This is the second in Laurie R. King’s series of novels featuring Mary Russell and Sherlock Holmes. It’s been almost exactly two years since I read the first in the series, The Beekeeper’s Apprentice, and I really didn’t mean to leave it so long before reading the next one. However, when I picked this book up and started reading a few days ago, I was pleased to find that I’d inadvertently chosen the perfect time to read it because the story is set during the Christmas and New Year period of 1920/1921 – although it’s not a typical festive read as Mary makes it clear in the first chapter that she sees Christmas as something to be survived rather than enjoyed!

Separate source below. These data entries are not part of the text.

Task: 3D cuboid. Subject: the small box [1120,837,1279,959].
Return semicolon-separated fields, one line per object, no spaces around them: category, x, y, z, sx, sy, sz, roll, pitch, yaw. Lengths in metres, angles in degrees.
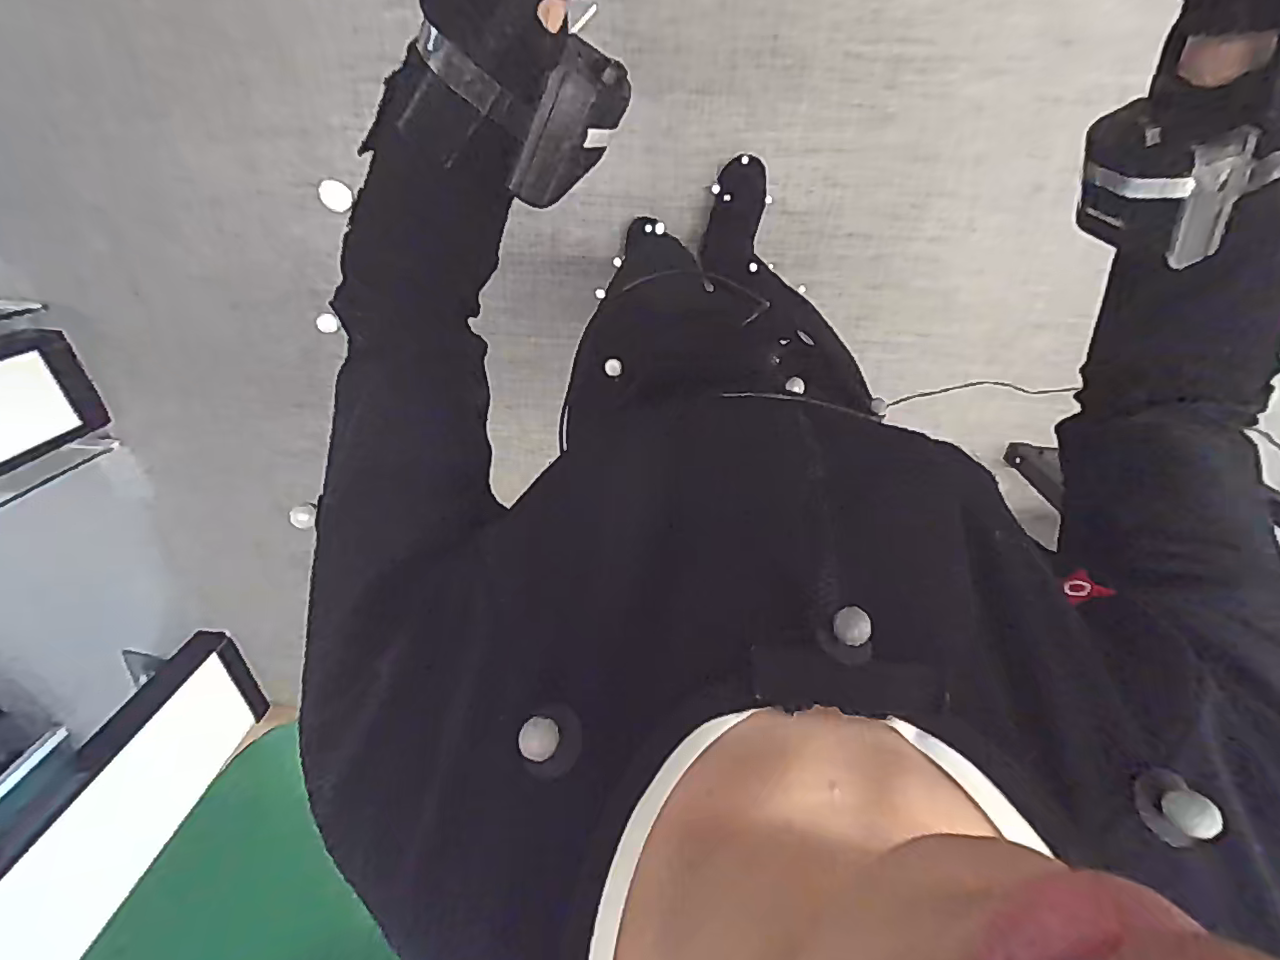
small box;1.126;0.838;1.067;0.179;0.176;0.168;9;121;1

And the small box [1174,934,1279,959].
small box;1.098;0.916;0.925;0.179;0.176;0.168;7;120;1
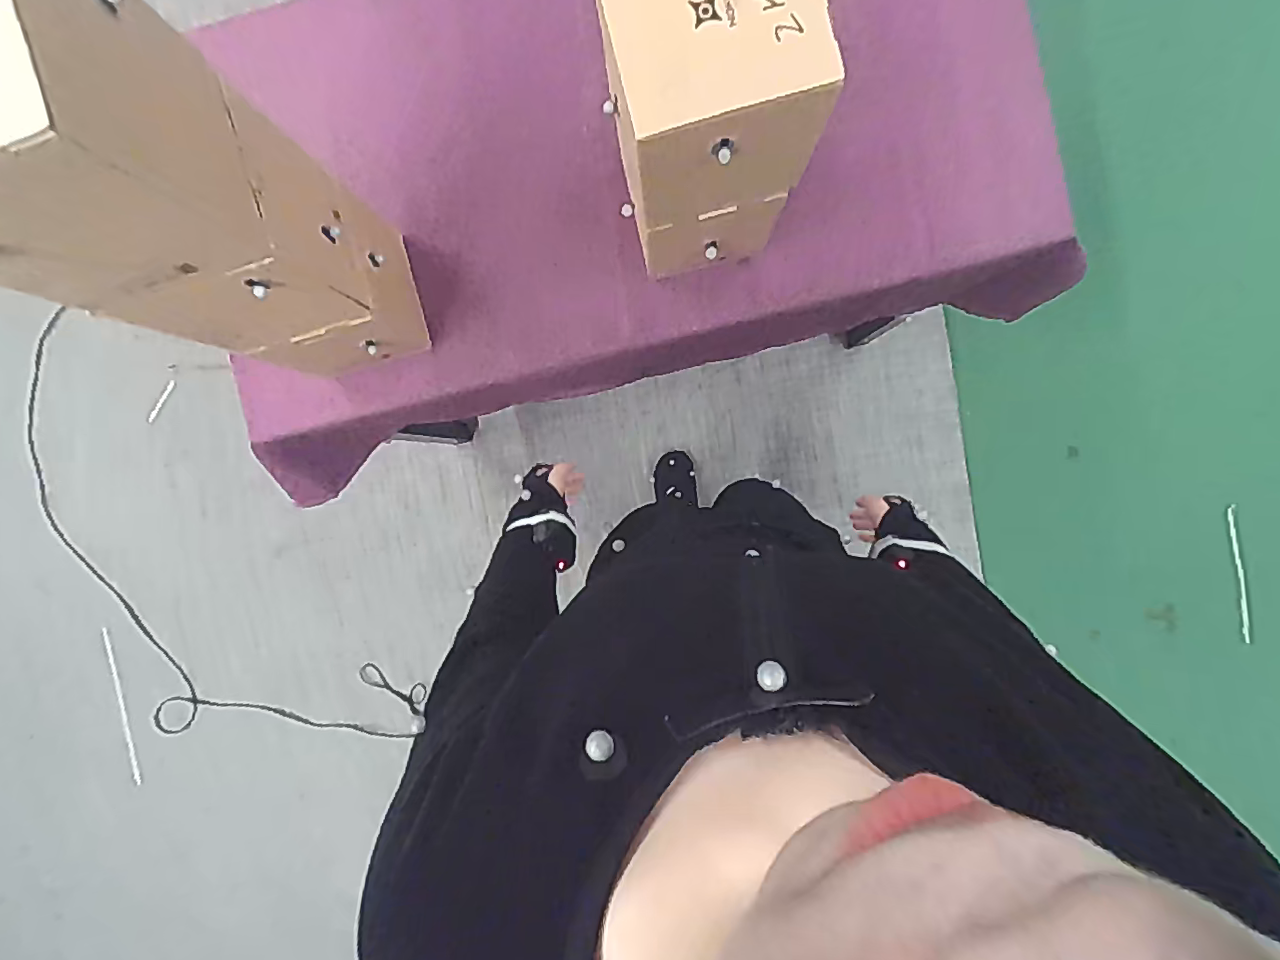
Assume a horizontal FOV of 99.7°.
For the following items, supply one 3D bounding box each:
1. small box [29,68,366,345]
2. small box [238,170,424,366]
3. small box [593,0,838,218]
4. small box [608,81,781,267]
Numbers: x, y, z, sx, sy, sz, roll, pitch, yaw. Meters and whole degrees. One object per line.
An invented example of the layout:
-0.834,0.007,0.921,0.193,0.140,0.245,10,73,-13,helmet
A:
-0.417,-0.249,0.541,0.179,0.176,0.168,-17,91,1,small box
-0.407,-0.255,0.703,0.168,0.176,0.179,-15,91,2,small box
0.061,-0.378,0.514,0.179,0.176,0.168,-14,92,3,small box
0.065,-0.386,0.679,0.168,0.176,0.179,-13,92,2,small box
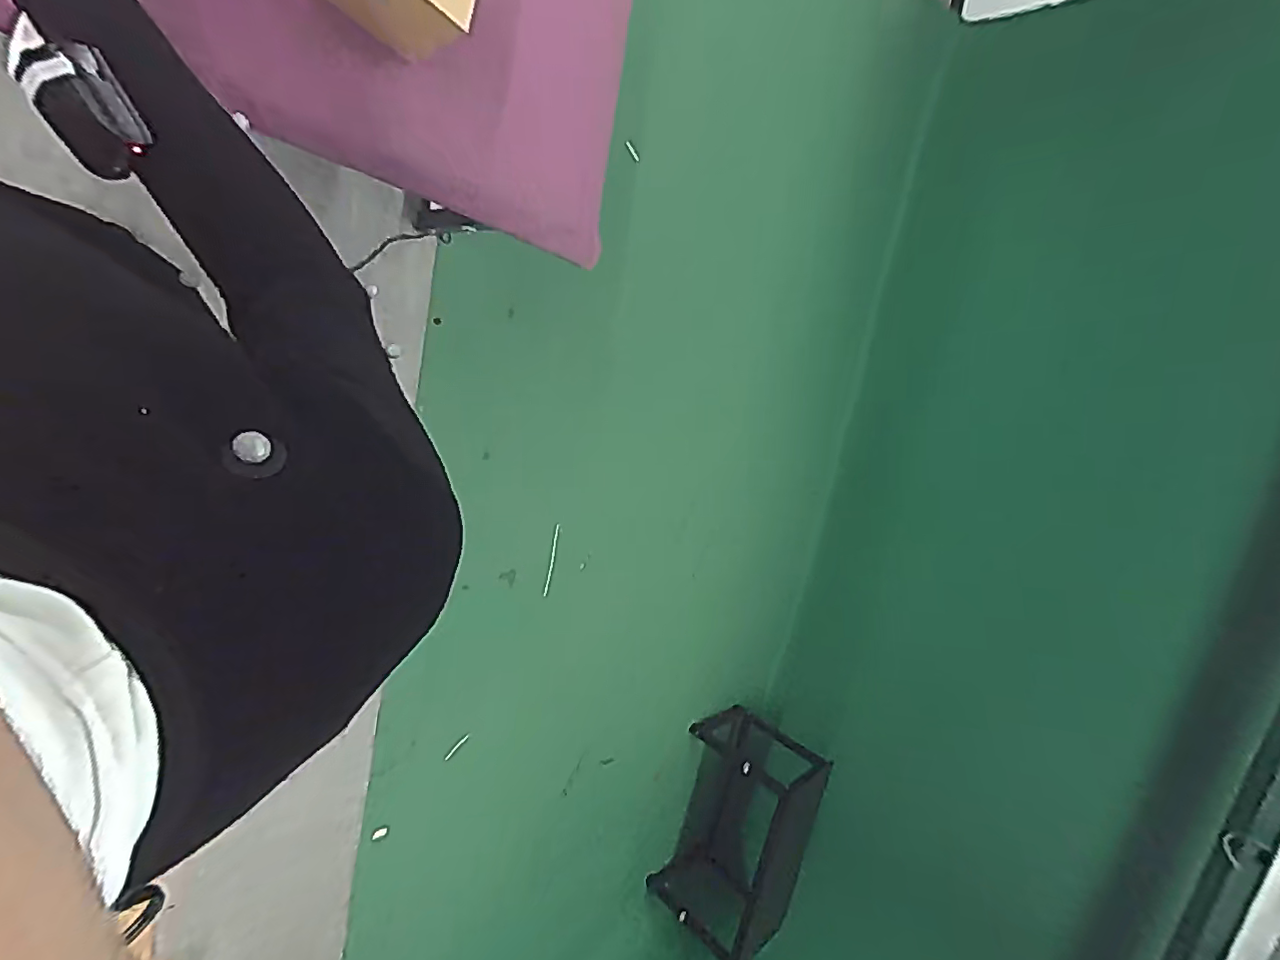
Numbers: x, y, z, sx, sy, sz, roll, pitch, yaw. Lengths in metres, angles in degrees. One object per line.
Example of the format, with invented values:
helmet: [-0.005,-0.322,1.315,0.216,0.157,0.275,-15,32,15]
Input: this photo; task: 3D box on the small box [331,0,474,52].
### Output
small box: [-0.317,-0.691,0.682,0.179,0.176,0.168,10,98,-50]
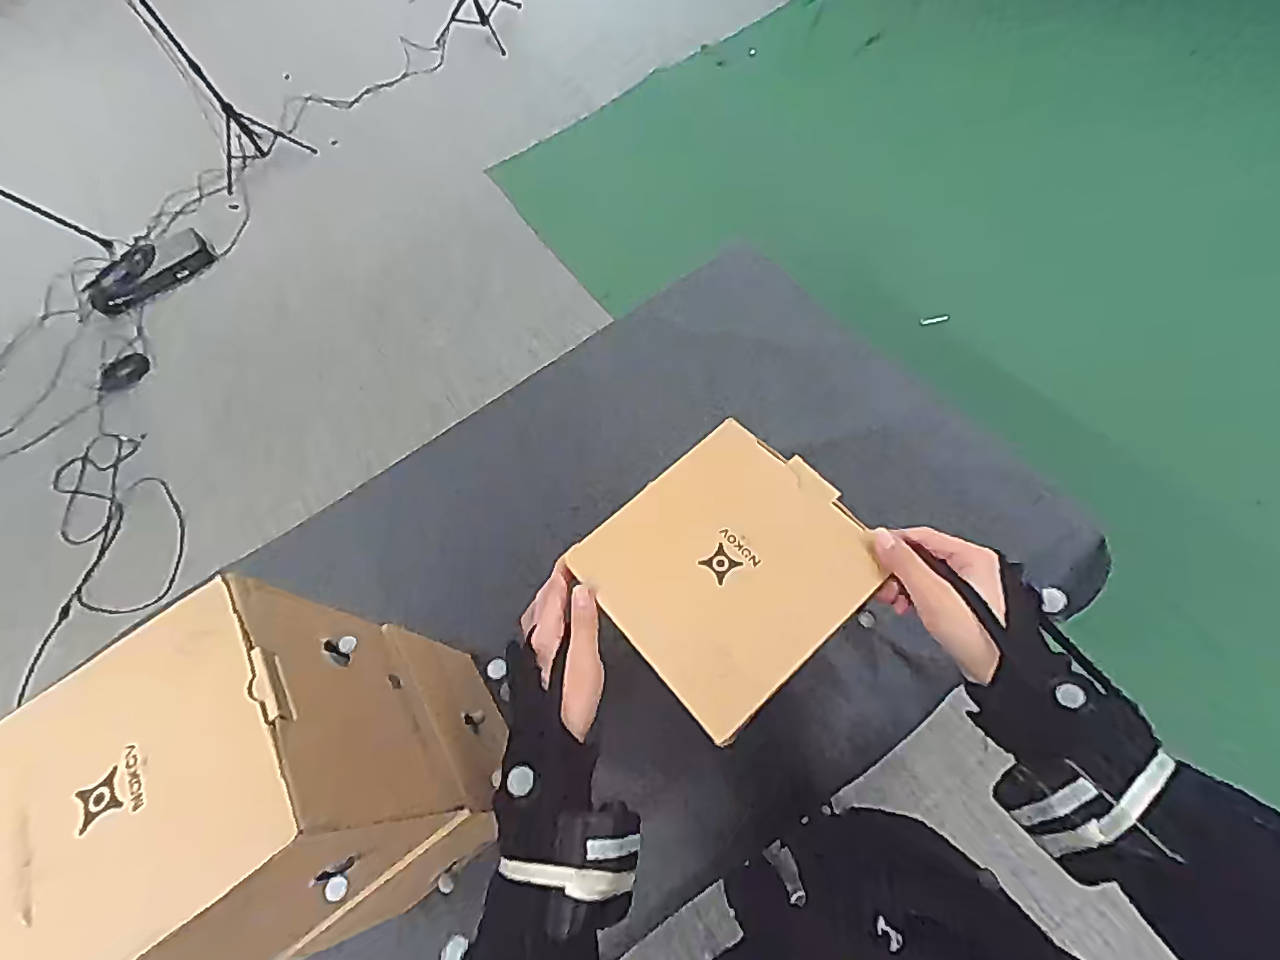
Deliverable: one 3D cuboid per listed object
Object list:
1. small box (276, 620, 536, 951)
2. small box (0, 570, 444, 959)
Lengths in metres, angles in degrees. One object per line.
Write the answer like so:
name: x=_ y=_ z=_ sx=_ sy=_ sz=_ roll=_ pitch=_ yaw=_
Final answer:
small box: x=-0.223 y=0.263 z=0.496 sx=0.168 sy=0.176 sz=0.179 roll=-35 pitch=63 yaw=-8
small box: x=-0.255 y=0.193 z=0.352 sx=0.179 sy=0.176 sz=0.168 roll=-37 pitch=61 yaw=-8
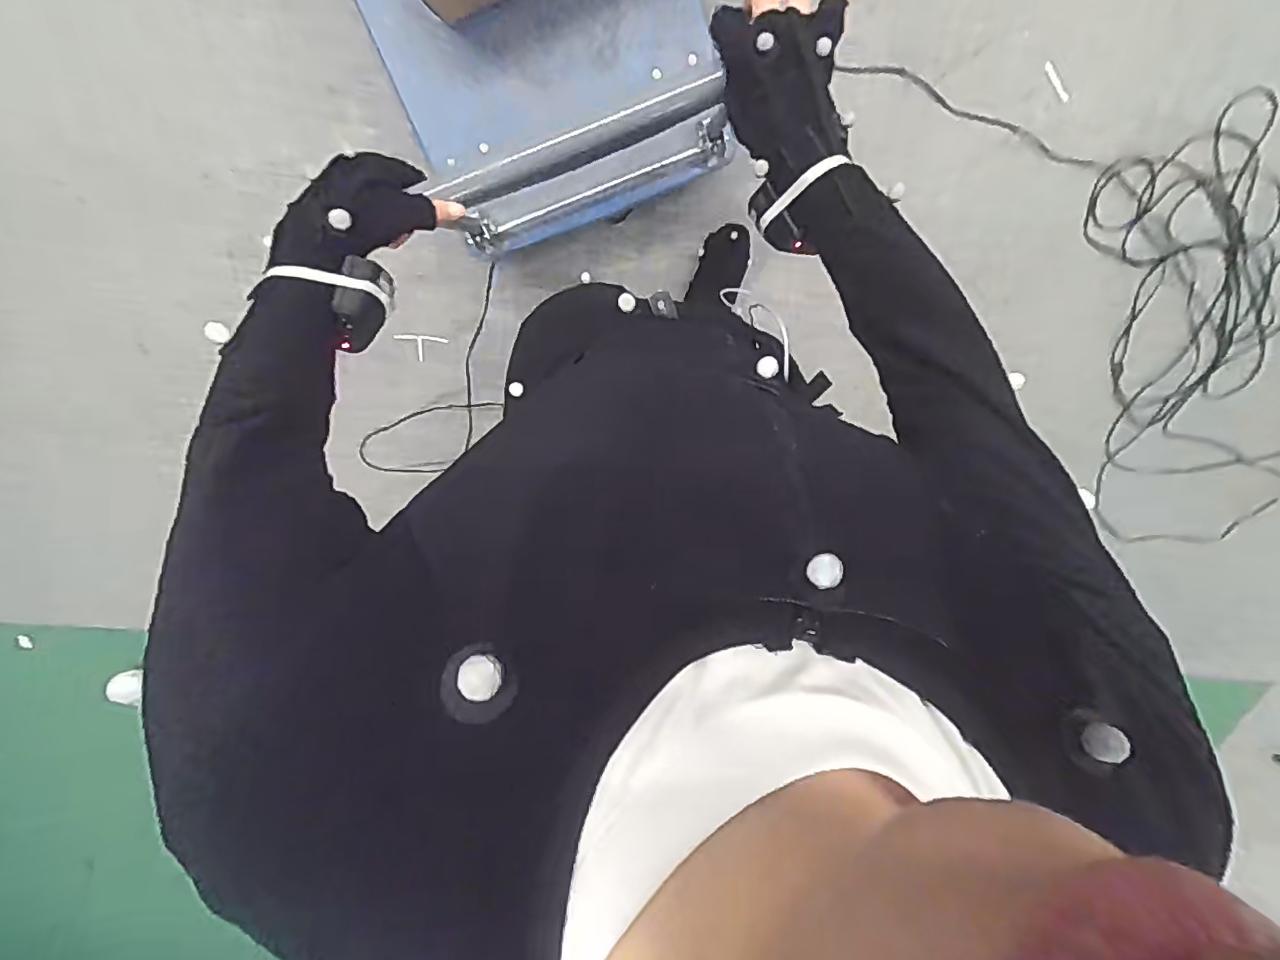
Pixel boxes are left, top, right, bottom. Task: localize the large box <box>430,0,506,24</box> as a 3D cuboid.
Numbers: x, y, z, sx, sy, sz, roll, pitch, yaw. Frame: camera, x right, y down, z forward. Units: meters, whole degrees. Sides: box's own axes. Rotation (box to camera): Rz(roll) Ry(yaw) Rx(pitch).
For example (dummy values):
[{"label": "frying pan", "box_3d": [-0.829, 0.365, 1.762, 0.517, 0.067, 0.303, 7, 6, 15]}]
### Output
[{"label": "large box", "box_3d": [-0.200, -0.934, 0.742, 0.408, 0.320, 0.320, -20, 115, 9]}]

At the beginning of the book, Mary is awaiting her twenty-first birthday when she will receive her inheritance and her freedom from her aunt. She is also struggling with her feelings for her friend, the detective Sherlock Holmes. While she’s trying to avoid Holmes, she meets another old friend who introduces her to Margery Childe, the charismatic feminist leader of The New Temple of God. Mary herself is a student of theology at Oxford and is instantly drawn to Margery, fascinated by her interpretations of the Bible and impressed by the work she and her church are doing to help women in need. But at the same time, Mary feels uneasy and when she discovers that several young women from the Temple have recently died under suspicious circumstances, she decides to investigate.
Before beginning this book I had been curious to see how the relationship between Mary Russell and Sherlock Holmes was going to develop. I don’t have a problem with the thirty-nine year age difference (they are both adults and Mary has matured a lot since she first met Holmes as a teenager in the previous book) and I love all of their interactions and conversations. My favourite scenes are the ones in which they are both together, so I was disappointed that there weren’t more of them in this book – although I do understand the reasons why they are working separately for such long periods of the story. The focus is on Mary and her personal development as well as on the development of her romance with Holmes.
The actual mystery seemed to take a long time to get started and I didn’t find the plot very exciting until the second half of the book, but it was still interesting to read about 1920s society and the way life had been affected by the end of the Great War, the changing roles of women as a result of the war and the suffrage movement, and the work of Margery’s church. The title of the novel refers to a 16th century pamphlet by John Knox, The First Blast of the Trumpet Against the Monstruous Regiment of Women, an attack on the rule of female monarchs (specifically Mary of Guise, the Queen Dowager of Scotland, and Mary I of England) and the subjects of feminism and religion both form part of the story.
I did enjoy this book, but not as much as The Beekeeper’s Apprentice, which I loved. I’m looking forward to reading the next one in the series – and will try not to wait another two years!